Texture streaming to passthrough AMD GPU is slow

geoff@xxxxxxxxxxxxxxx · Wed, 16 May 2018 20:02:21 +1000

Hi All,

I have been working on making LookingGlass
(https://github.com/gnif/LookingGlass/) usable from inside a Linux Guest 
VM,
but I have come up against what seems to be a problem with passthrough
performance.

Currently I am mapping a block of memory from a IVSHMEM device that 
contains
a captured frame from a Windows guest. Both the Windows and Linux guests 
are
running on the same numa node with all allocations bound to local RAM.

The frame I am trying to render is 1920x1200 @ 32bpp which equates to a
little over 8MB.

Copying the shared memory between hosts is no problem at 30-40GB/s, but 
as
soon as I try to feed the buffer to the video card via glBufferSubData 
the
transfer rate is around 105MB/s, resulting in a frame rate of around 
15FPS.

I have tried various methods of making the data available to the card, 
such
as pinned memory mappings using memcpy directly, glBufferSubData and 
copying
the buffer from the shared memory mapping to a local buffer first.

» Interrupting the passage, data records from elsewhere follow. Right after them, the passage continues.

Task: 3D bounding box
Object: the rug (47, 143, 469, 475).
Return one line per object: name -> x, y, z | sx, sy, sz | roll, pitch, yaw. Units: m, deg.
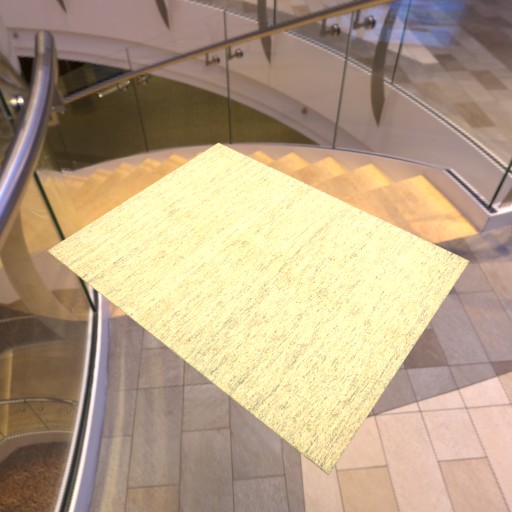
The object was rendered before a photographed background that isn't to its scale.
rug -> 0.000, 0.000, 4.215 | 3.201, 0.014, 2.437 | 31, 54, 26
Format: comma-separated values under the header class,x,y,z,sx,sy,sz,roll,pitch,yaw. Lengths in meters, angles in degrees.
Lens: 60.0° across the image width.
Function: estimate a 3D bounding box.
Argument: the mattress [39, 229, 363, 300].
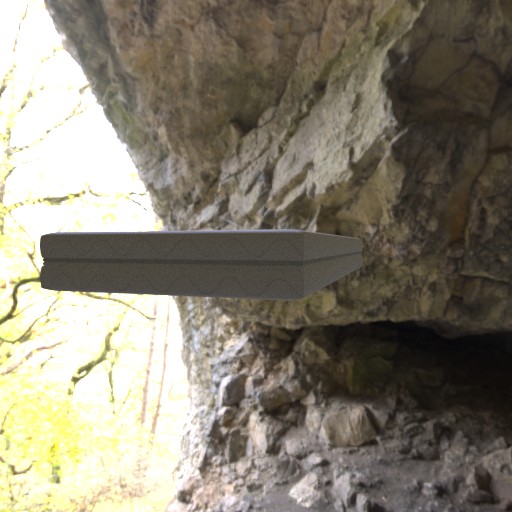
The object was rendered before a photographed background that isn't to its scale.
class,x,y,z,sx,sy,sz,roll,pitch,yaw
mattress,0.000,0.000,2.236,0.900,0.200,1.900,0,2,18
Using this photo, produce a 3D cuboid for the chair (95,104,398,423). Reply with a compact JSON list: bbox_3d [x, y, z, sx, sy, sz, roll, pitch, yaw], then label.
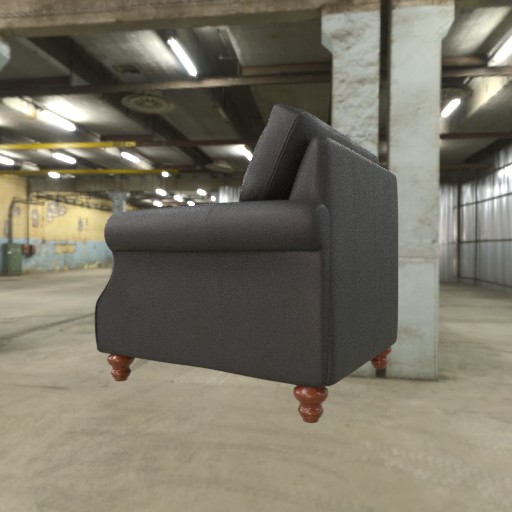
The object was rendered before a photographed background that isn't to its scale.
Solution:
[{"bbox_3d":[0.000,0.000,1.813,1.027,0.960,1.015,0,0,37],"label":"chair"}]
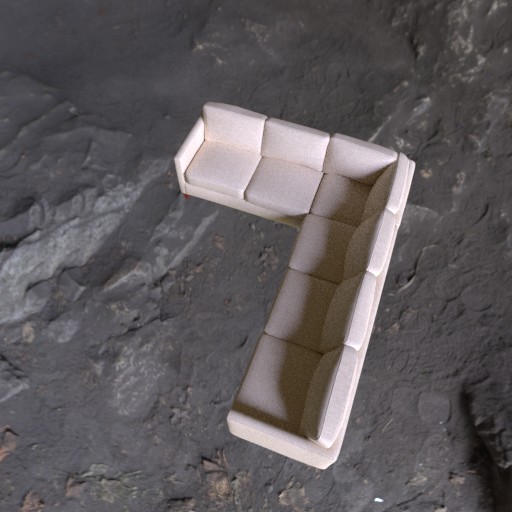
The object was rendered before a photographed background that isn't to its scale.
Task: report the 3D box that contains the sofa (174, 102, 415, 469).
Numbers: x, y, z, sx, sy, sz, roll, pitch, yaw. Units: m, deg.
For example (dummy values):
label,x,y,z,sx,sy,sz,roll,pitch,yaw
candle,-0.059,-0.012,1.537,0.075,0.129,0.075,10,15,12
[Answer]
label,x,y,z,sx,sy,sz,roll,pitch,yaw
sofa,0.000,0.000,4.560,2.593,0.947,3.302,18,61,11
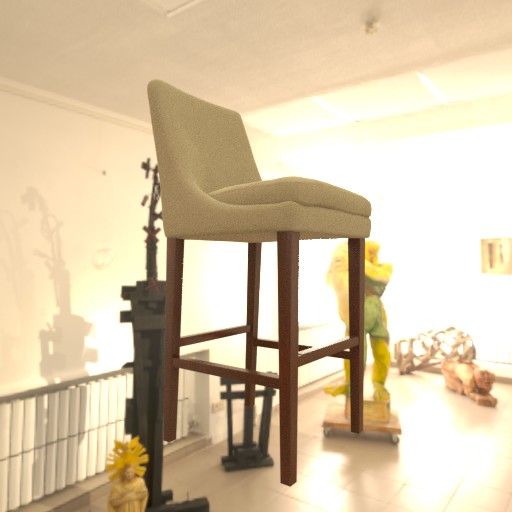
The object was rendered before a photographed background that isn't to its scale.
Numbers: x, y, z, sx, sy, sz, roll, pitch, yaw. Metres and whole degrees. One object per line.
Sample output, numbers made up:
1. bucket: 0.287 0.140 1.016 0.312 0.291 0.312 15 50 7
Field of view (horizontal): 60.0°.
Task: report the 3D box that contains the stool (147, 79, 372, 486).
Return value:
1. stool: 0.000 0.000 1.353 0.577 1.078 0.470 0 -1 37
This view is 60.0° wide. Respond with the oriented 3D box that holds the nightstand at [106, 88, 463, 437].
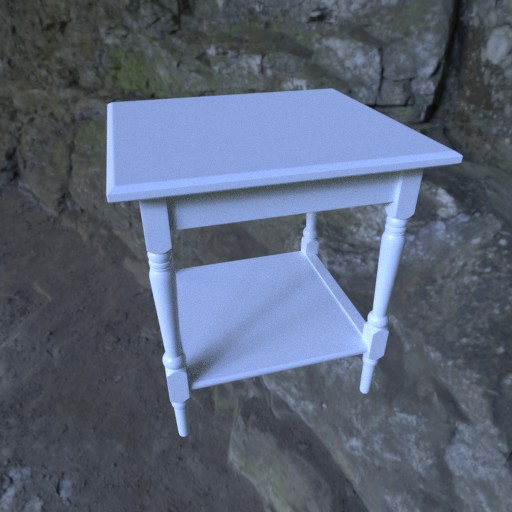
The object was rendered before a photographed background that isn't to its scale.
[{"bbox_3d":[0.000,0.000,0.927,0.505,0.555,0.459,-9,33,-13],"label":"nightstand"}]
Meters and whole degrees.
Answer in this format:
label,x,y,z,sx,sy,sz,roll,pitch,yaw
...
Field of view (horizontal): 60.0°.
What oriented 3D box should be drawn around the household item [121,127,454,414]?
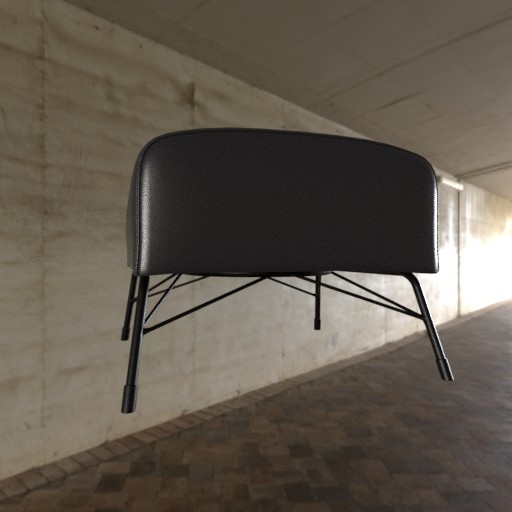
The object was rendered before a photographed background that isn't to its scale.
label,x,y,z,sx,sy,sz,roll,pitch,yaw
household item,0.000,0.000,0.907,0.530,0.410,0.530,0,0,-17
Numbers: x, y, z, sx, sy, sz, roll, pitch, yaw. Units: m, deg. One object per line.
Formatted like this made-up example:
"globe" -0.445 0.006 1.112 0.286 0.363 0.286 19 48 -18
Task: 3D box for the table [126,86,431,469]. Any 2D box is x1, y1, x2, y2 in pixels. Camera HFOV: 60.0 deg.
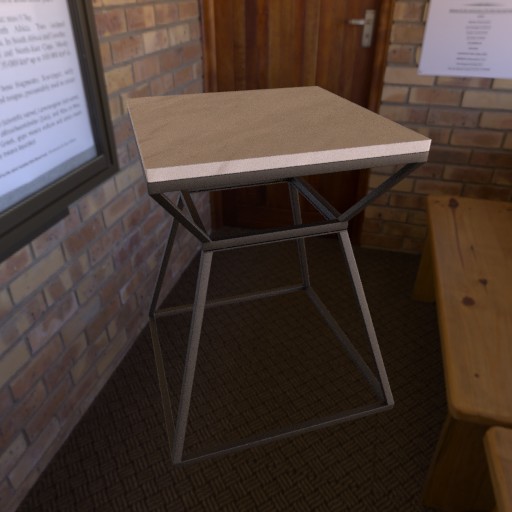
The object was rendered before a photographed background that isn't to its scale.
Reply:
"table" 0.000 0.000 0.898 0.455 0.559 0.455 -9 33 -15
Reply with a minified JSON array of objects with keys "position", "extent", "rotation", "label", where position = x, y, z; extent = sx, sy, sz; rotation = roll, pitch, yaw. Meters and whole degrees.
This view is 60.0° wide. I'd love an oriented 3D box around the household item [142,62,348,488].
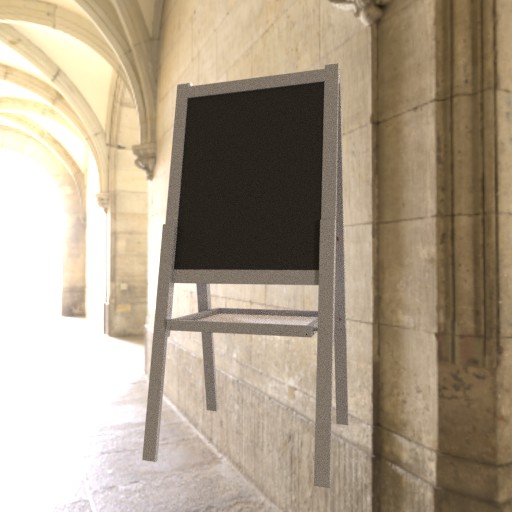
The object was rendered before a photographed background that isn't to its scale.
[{"position":[0.000,0.000,1.416],"extent":[0.531,1.172,0.469],"rotation":[0,-1,17],"label":"household item"}]
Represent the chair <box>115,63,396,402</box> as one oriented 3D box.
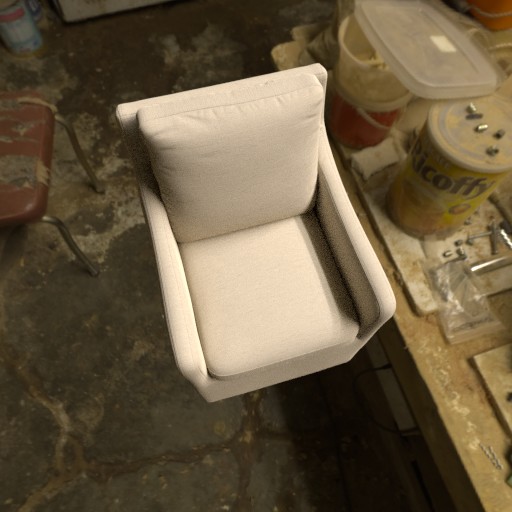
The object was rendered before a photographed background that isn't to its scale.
[{"bbox_3d":[0.000,0.000,1.417,0.626,0.914,0.694,-15,65,-7],"label":"chair"}]
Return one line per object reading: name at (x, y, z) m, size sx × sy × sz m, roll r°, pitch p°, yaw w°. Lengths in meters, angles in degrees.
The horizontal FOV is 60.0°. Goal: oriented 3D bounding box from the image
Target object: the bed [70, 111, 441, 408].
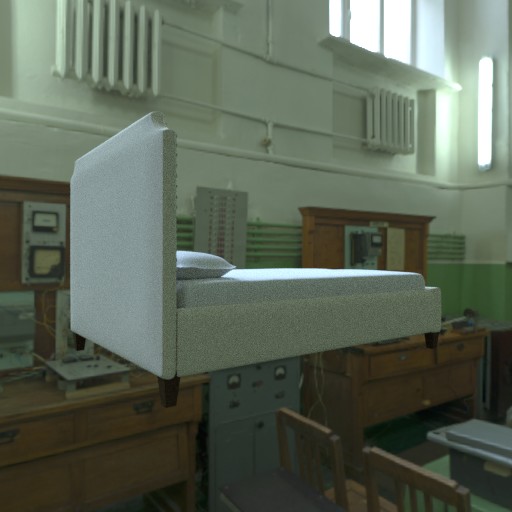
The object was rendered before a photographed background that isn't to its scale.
bed at (0.000, 0.000, 3.426) m, size 2.372 × 1.443 × 1.712 m, roll 0°, pitch 0°, yaw -36°
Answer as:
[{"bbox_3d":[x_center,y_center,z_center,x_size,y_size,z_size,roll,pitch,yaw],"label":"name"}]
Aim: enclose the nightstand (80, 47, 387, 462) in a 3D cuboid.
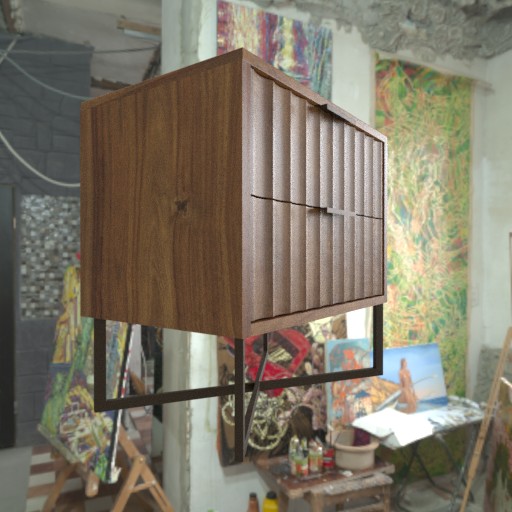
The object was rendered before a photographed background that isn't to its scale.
[{"bbox_3d":[0.000,0.000,1.013,0.427,0.615,0.613,0,0,36],"label":"nightstand"}]
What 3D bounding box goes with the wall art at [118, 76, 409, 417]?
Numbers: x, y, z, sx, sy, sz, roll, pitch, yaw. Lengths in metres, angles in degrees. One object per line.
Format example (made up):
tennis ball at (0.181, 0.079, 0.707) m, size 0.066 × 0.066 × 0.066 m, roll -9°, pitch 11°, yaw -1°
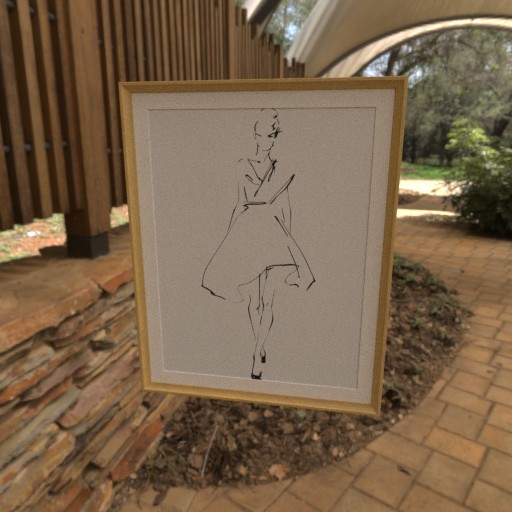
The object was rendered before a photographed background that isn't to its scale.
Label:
wall art at (0.000, 0.000, 1.348) m, size 0.798 × 1.002 × 0.030 m, roll 3°, pitch 16°, yaw 10°
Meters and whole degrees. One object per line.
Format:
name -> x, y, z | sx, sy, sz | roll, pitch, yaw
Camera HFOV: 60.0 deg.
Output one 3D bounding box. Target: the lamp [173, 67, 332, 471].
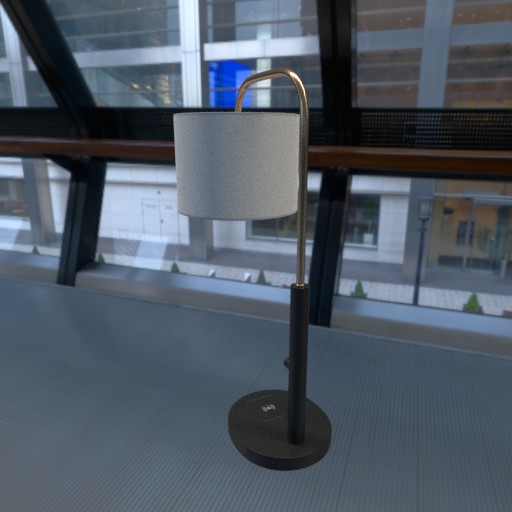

I also have found that if I malloc the buffer instead of taking it from 
the
shared mapping, I can feed this buffer to the video card without the 
huge
performance penalty. ie:

  static int offset = 0;
  uint8_t * b = malloc(1920*1200*4);
  for(int i = 0; i < 1920*1200*4; ++i)
    b[i] = i + offset;
  ++offset;
  glBufferSubData(GL_PIXEL_UNPACK_BUFFER, 0, 1920*1200*4, b);

This leaves me to believe that the issue lies with the KVM or Qemu 
memory
layer instead of a graphics adapter problem.

Thanks in advance,
Geoffrey McRae